Extract from the listing each line in which the word "roughest" appears.

+ + + +

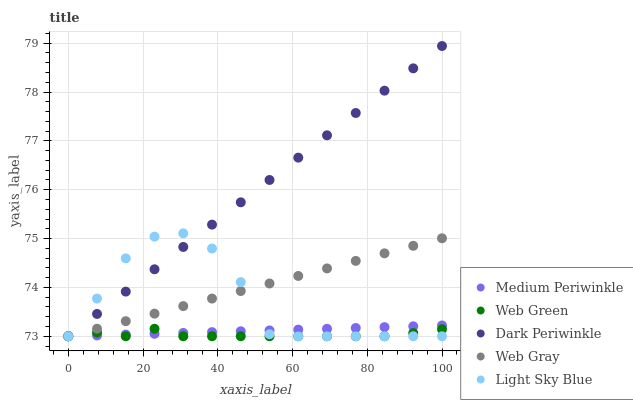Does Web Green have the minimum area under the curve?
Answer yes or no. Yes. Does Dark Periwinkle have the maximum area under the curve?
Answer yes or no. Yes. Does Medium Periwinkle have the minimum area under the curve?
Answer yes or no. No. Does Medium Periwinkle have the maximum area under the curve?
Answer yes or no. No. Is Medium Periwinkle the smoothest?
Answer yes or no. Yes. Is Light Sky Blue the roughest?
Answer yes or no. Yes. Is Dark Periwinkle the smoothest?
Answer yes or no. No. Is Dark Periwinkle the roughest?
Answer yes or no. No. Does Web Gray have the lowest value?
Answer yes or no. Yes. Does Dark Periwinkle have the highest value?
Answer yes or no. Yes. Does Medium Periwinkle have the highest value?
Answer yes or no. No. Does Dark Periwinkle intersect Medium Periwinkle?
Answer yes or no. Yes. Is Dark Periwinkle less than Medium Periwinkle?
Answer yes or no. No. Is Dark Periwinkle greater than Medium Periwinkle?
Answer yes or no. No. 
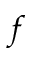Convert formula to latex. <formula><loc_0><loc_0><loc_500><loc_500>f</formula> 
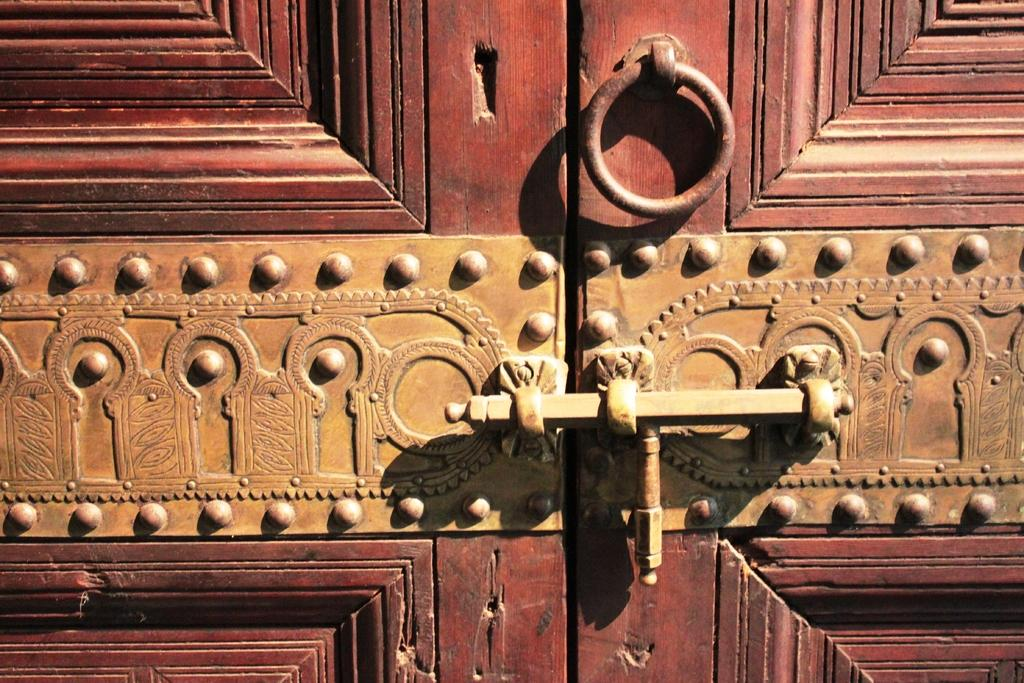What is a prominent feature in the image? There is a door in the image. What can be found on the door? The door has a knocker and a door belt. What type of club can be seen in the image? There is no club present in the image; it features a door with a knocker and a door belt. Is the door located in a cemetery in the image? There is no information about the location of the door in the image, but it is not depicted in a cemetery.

+ + + +

Answer space:
Answer yes or no. Yes. Is Light Sky Blue the roughest?
Answer yes or no. No. Is Dark Periwinkle the roughest?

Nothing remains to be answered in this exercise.